Juego peligroso en el tren (II)
La nota en el bolsillo prometía algo prohibido. Ella sabía que no debía ir, pero el deseo fue más fuerte que la lealtad. Ahora, con el corazón latiendo a mil por hora, debe decidir si corre de vuelta a la seguridad de su novio o se entrega al caos que acaba de comenzar.
Cuando llegué a su lado intenté disimular y no me dió la sensación de que mi novio sospechara que algo hubiera pasado.

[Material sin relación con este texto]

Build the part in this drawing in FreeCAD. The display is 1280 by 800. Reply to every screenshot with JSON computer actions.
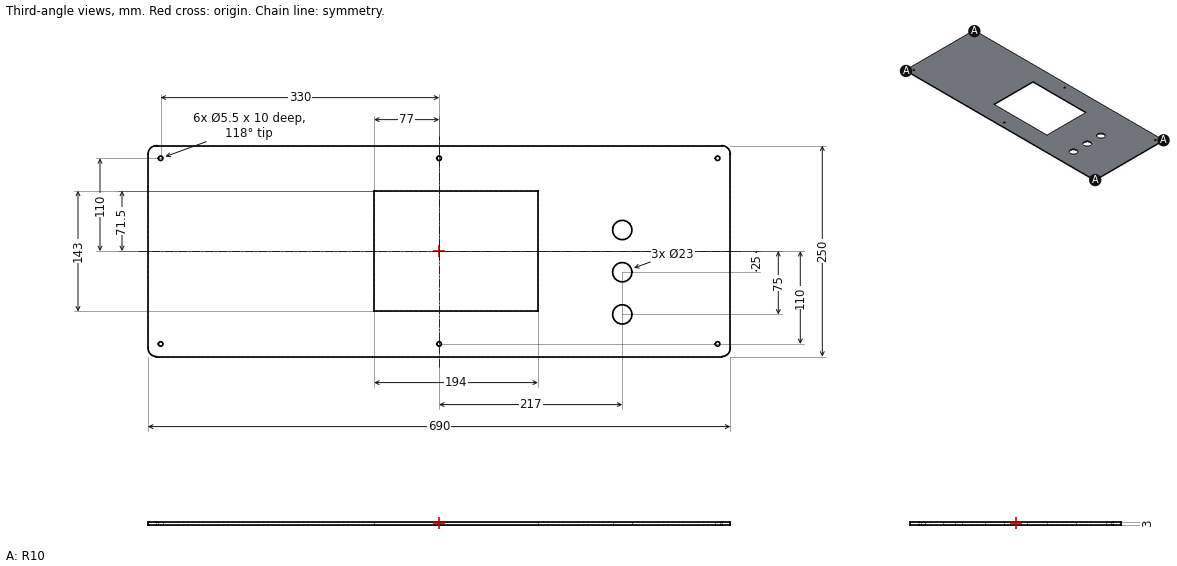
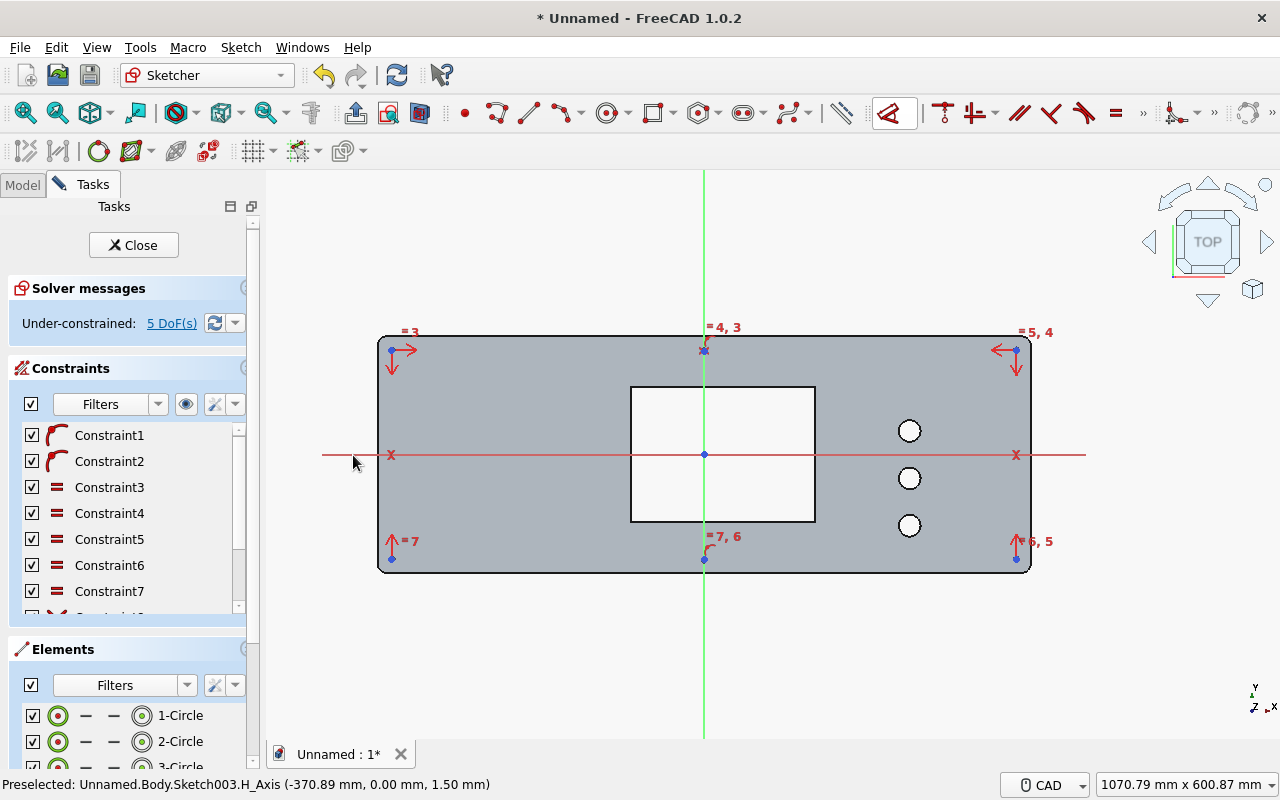
{"action": "scroll", "coordinate": [392, 348], "scroll_direction": "up", "scroll_amount": 11}

Me sentía tremendamente culpable por lo que había hecho pero me reconocía a mí misma que había sido una situación tremendamente excitante e incontrolable.
El chico apareció unos minutos más tarde, evité su mirada y sentí que el corazón se me salía del pecho, estaba nerviosísima, asustada, cachonda y sin bragas, un sin fin de emociones contrapuestas que me tenían completamente confundida.

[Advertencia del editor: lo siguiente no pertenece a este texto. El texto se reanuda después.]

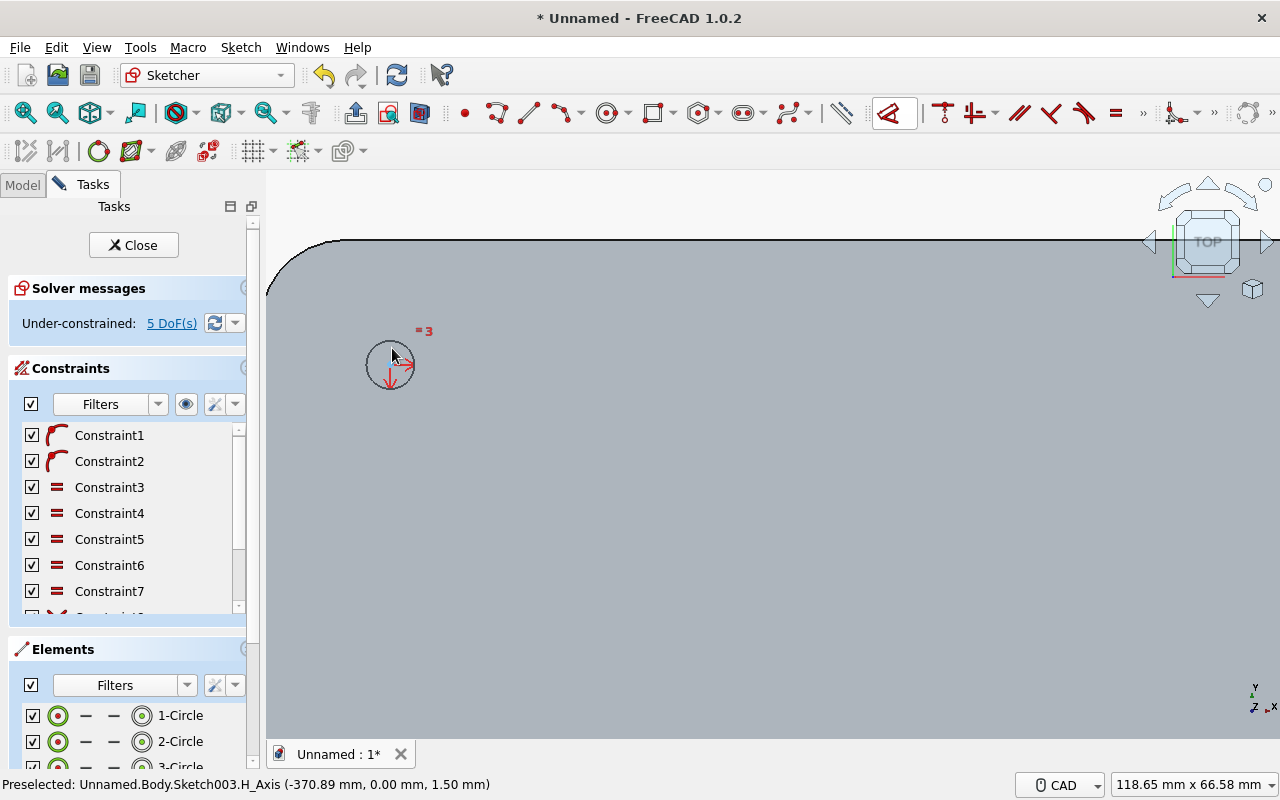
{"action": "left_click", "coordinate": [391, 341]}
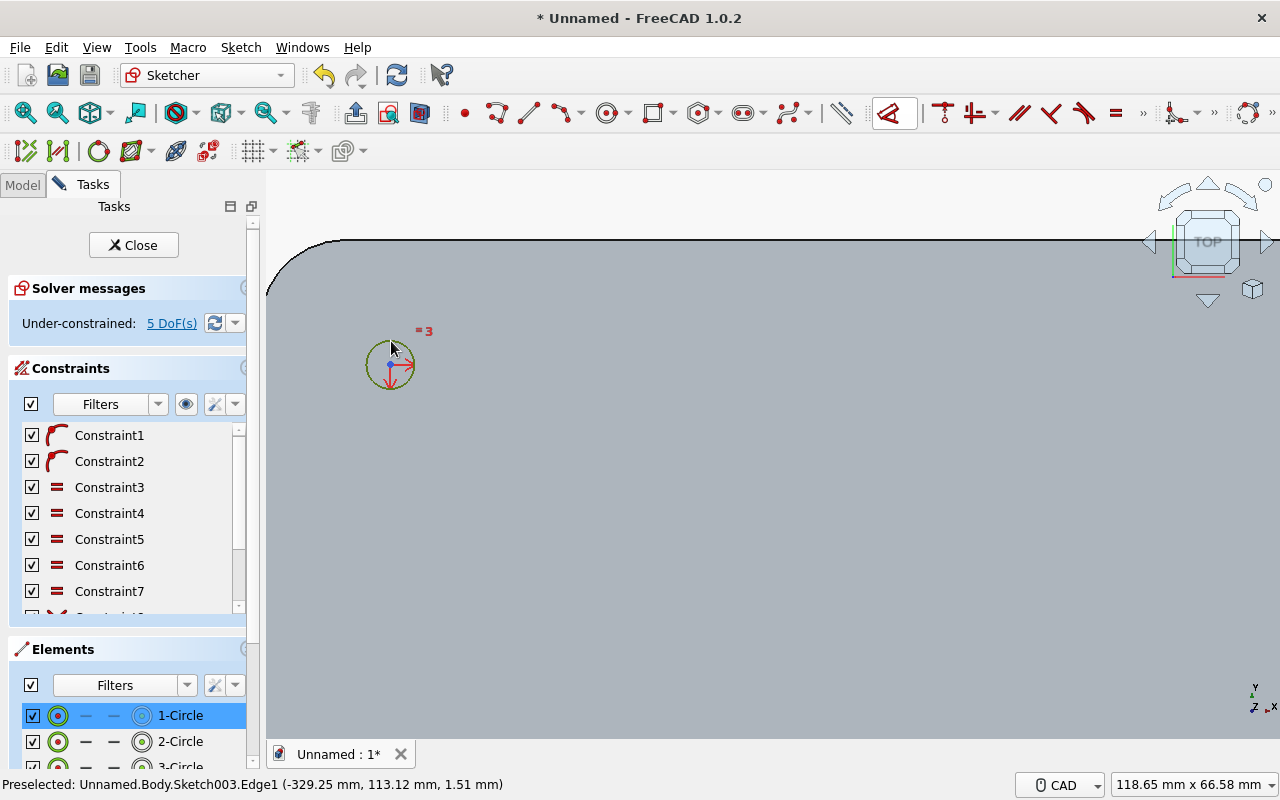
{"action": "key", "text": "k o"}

No tardamos mucho en llegar a la estación de destino aunque a mí, esa última etapa del viaje, se me hizo eterna. Cuando el tren se detuvo, mi novio se levantó a coger nuestras maletas, lancé un fugaz vistazo al chico y nuestras miradas se cruzaron por última vez. Sentí una amalgama de sensaciones agradables pero también un sentido pesar al darme cuenta que quizás no volvería a verlo nunca más.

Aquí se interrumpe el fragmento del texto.